The pagename to choose for the article about the book is a non-issue, really, until someone creates it. And at that point I'd respect the choice of that creator, if based on reason. My comment, above, clearly wasn't intended to decide the matter. 16th century book titles aren't always easy to pin down. The comma is a good point (that title page sentence is unusually full of commas) and I think the Biodiversity Library takes it as the decisive factor. Perhaps they are right, after all, and Bushnan (with whom I appear to have agreed originally) is wrong. I can easily believe that.
- Punctuation back then was unstandardized and often highly idiosyncratic, hardly something to rely on. Even today we have the fact that the US and Oxfordian half of the English-speaking world reads the famous dedication "To my parents, Ayn Rand and God" as involving an appositive. IacobusAmor (disputatio) 14:45, 28 Ianuarii 2021 (UTC)

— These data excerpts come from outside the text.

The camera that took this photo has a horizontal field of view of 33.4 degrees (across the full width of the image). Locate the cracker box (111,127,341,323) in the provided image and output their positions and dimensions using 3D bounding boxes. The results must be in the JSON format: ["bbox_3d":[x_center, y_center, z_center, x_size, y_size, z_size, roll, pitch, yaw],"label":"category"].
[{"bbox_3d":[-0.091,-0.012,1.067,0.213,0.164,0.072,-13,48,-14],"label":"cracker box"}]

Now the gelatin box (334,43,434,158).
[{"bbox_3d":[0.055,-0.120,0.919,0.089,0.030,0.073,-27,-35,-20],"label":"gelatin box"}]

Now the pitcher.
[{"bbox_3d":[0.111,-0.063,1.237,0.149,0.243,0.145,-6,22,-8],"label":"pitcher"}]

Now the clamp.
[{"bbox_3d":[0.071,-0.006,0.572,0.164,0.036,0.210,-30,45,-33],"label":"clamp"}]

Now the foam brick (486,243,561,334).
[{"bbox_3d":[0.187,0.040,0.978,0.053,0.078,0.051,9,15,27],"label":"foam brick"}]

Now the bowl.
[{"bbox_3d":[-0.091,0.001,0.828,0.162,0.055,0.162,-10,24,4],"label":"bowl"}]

Mehercle! I hadn't actually looked at the Bushnan reference till now. If Jardine set out to puzzle bibliographers about how best to treat his "Library" he succeeded. And I speak as a trained (many years ago) bibliographer. Since it's a rainy day and I can't go and prune my apple trees, I'll offer you gentlemen a third way to deal with the thing, following Iacobus's order of elements. Play with it as you like, but, if you love me, don't reinstate "Equite" and don't make the date of publication into a link.
- Well, but he was a knight! :) IacobusAmor (disputatio) 14:48, 28 Ianuarii 2021 (UTC)

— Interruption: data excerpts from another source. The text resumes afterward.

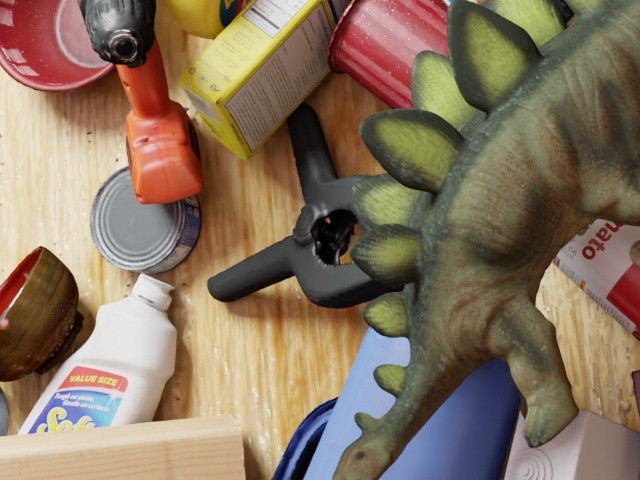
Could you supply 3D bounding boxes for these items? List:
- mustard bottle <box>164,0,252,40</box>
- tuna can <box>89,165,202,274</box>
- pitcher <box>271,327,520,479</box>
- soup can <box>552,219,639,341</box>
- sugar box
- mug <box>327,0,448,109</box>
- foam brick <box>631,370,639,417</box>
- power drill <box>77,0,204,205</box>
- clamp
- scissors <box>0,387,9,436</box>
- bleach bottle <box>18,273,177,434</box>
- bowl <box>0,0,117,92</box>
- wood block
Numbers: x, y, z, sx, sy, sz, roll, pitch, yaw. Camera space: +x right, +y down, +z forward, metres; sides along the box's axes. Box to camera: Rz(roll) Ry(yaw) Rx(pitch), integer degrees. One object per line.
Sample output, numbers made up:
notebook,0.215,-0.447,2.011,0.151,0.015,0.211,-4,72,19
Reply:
mustard bottle,-0.069,-0.188,0.763,0.058,0.191,0.096,13,87,22
tuna can,-0.138,-0.016,0.849,0.086,0.033,0.086,-3,81,21
pitcher,0.045,0.158,0.708,0.149,0.145,0.243,20,85,3
soup can,0.207,0.020,0.691,0.102,0.068,0.068,45,98,22
sugar box,-0.019,-0.148,0.770,0.048,0.093,0.176,36,80,20
mug,0.073,-0.143,0.762,0.081,0.093,0.117,40,80,17
foam brick,0.232,0.117,0.674,0.053,0.051,0.078,-12,77,21
power drill,-0.128,-0.120,0.759,0.057,0.187,0.184,-11,39,-4
clamp,-0.005,0.001,0.751,0.210,0.036,0.164,37,102,54
scissors,-0.274,0.207,0.809,0.096,0.016,0.202,-13,64,27
bleach bottle,-0.184,0.143,0.829,0.103,0.068,0.251,23,88,25
bowl,-0.197,-0.194,0.888,0.162,0.055,0.162,-3,80,21
wood block,-0.157,0.180,0.742,0.206,0.090,0.091,-4,87,-9
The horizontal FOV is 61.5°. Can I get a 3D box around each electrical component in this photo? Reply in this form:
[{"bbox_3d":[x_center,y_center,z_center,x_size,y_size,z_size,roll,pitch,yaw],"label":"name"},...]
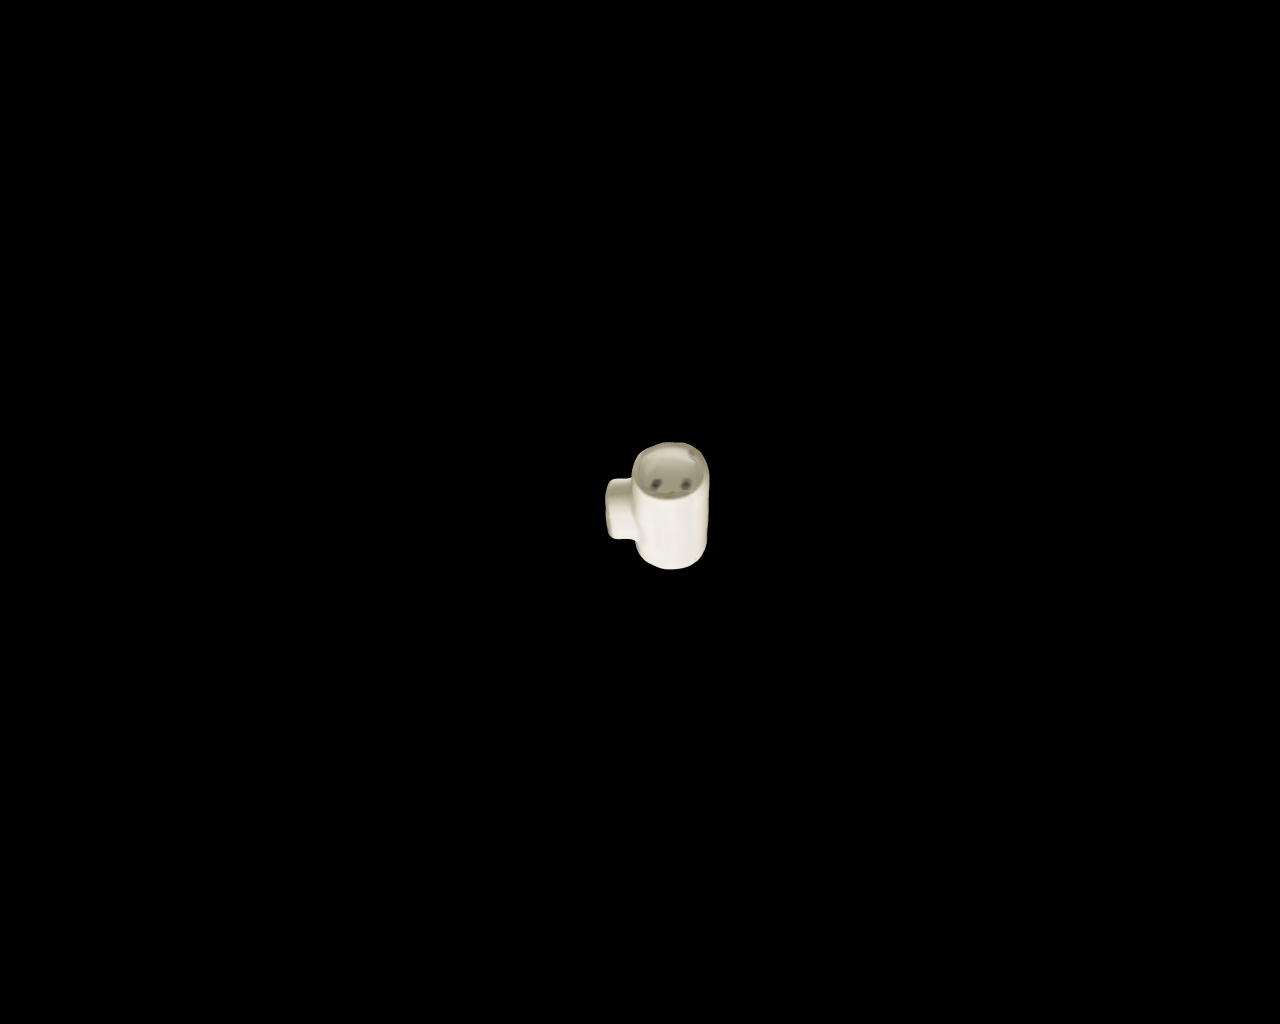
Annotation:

In imposing his order of elements on the Teissier reference Iacobus mistyped the date. Easily done. But it was a weak reference anyway, mea culpa, and the link was dead. I have now corrected this reference too, and found an online source for the text. There is very little meat in it, I'm sorry to say. Andrew Dalby (disputatio) 10:23, 28 Ianuarii 2021 (UTC)

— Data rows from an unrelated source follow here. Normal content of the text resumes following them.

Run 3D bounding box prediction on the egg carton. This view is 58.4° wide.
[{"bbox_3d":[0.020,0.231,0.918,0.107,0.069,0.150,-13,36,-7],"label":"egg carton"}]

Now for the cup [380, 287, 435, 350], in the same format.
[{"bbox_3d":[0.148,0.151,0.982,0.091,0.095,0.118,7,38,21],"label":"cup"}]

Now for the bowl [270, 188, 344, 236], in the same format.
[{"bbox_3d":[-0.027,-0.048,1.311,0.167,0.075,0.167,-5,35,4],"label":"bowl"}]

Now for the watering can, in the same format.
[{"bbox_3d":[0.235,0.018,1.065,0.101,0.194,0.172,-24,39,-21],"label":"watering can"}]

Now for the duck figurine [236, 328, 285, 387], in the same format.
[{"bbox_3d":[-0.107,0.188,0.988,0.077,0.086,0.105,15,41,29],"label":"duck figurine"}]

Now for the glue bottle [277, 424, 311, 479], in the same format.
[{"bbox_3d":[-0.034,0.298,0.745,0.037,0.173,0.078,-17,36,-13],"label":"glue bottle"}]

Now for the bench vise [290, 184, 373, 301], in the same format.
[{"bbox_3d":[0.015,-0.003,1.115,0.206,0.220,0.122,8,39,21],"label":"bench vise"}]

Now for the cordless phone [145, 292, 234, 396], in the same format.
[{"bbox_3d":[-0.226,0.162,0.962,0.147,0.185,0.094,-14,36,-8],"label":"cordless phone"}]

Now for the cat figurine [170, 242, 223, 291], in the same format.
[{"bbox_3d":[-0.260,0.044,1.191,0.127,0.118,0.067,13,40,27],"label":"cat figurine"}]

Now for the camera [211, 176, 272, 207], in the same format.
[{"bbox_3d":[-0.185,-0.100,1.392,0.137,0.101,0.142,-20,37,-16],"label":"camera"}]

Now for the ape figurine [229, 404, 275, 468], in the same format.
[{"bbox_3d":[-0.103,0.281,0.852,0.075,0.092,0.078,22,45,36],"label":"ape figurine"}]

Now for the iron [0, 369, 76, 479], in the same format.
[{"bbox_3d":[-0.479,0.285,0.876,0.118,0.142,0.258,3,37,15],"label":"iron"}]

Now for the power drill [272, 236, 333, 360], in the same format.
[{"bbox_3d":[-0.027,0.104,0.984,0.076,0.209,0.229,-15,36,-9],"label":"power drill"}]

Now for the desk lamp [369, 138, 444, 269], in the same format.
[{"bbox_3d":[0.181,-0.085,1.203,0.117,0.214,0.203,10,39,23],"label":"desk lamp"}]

- I recently created a page on Salviani for the Dutch Wikipedia, for which I did a lot of research. That was my motive to come here. I first checked every Wikipedia to see if they cited sources I did not yet find, and after I finished my page, I checked the other Wikipedia's again, to see if the 'facts' they mentioned could be corroborated by the available sources. Feel free to check the Dutch page. Apart from references to bibliographies and library catalogues (I didn't list them) I think I was quite exhaustive in citing the available sources. With respect to the book, I found Hendrikx, S. (2015). Salviani, Ippolito (1514–1572); Aquatilium animalium historiae, on the website of the Amsterdam University Library, quite helpful, as she mentions a few new things the other sources don't, although she made some errors when citing page numbers and plates. 77.164.133.132 13:09, 28 Ianuarii 2021 (UTC)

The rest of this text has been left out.